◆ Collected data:
"""

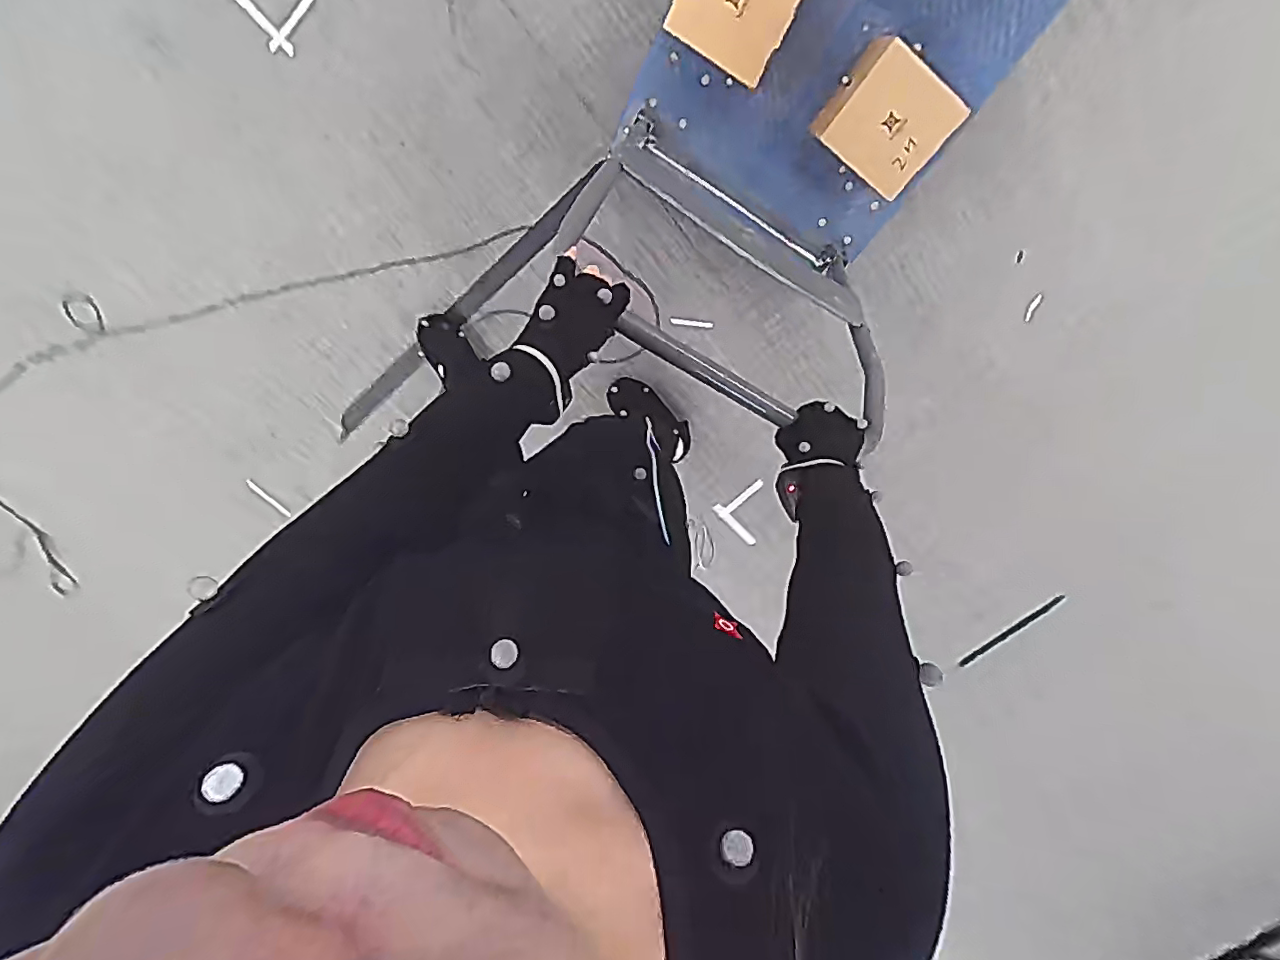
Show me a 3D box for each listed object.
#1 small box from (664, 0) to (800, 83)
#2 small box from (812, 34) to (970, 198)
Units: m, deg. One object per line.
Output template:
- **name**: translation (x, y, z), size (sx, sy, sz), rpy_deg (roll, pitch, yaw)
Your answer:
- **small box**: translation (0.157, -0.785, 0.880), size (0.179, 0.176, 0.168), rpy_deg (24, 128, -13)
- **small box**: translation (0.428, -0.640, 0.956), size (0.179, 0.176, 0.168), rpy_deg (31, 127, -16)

"""
"""

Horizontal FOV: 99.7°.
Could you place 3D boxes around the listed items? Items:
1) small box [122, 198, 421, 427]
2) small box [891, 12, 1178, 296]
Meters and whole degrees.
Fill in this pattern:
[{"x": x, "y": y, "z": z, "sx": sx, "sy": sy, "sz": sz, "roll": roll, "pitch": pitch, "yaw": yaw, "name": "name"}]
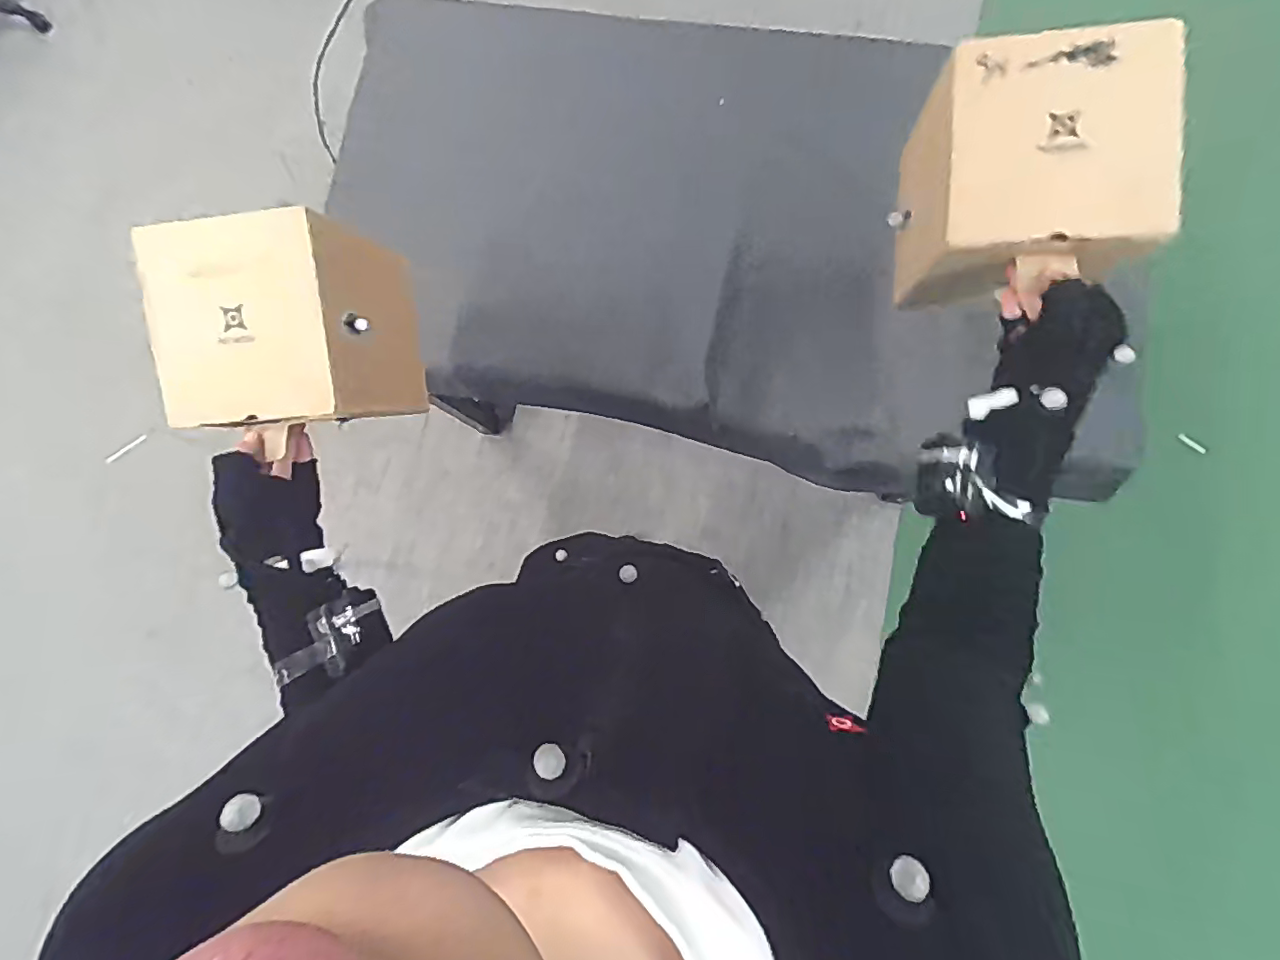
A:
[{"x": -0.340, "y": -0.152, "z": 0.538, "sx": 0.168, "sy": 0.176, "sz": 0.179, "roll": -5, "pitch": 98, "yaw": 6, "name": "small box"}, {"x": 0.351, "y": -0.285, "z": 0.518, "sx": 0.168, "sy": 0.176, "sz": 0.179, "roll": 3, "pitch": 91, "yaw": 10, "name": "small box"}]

"""
"""

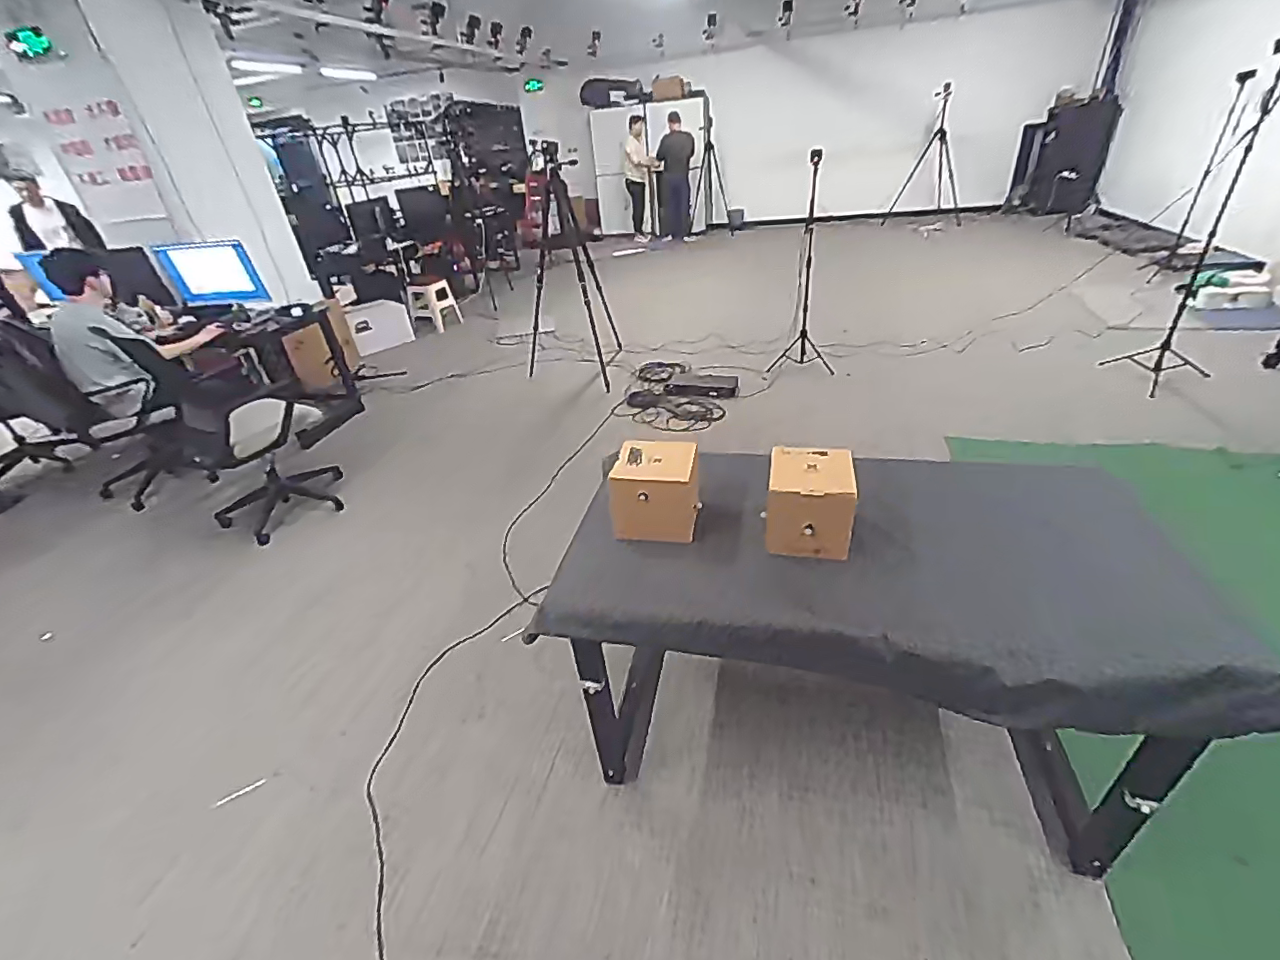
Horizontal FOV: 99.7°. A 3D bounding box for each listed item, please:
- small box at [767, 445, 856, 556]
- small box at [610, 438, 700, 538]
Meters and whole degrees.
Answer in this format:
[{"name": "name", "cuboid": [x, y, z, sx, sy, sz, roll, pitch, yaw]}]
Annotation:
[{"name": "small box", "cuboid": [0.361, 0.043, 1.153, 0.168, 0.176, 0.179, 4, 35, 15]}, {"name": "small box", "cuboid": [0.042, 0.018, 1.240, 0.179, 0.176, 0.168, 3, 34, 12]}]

"""

◆ Prompt: The line above containing "Show me a 3D box for each listed object.", the line containing "- **name**: translation", and every line between them are to be transcribed exactly; no other line is wanted.

◆ Task output:
Show me a 3D box for each listed object.
#1 small box from (664, 0) to (800, 83)
#2 small box from (812, 34) to (970, 198)
Units: m, deg. One object per line.
Output template:
- **name**: translation (x, y, z), size (sx, sy, sz), rpy_deg (roll, pitch, yaw)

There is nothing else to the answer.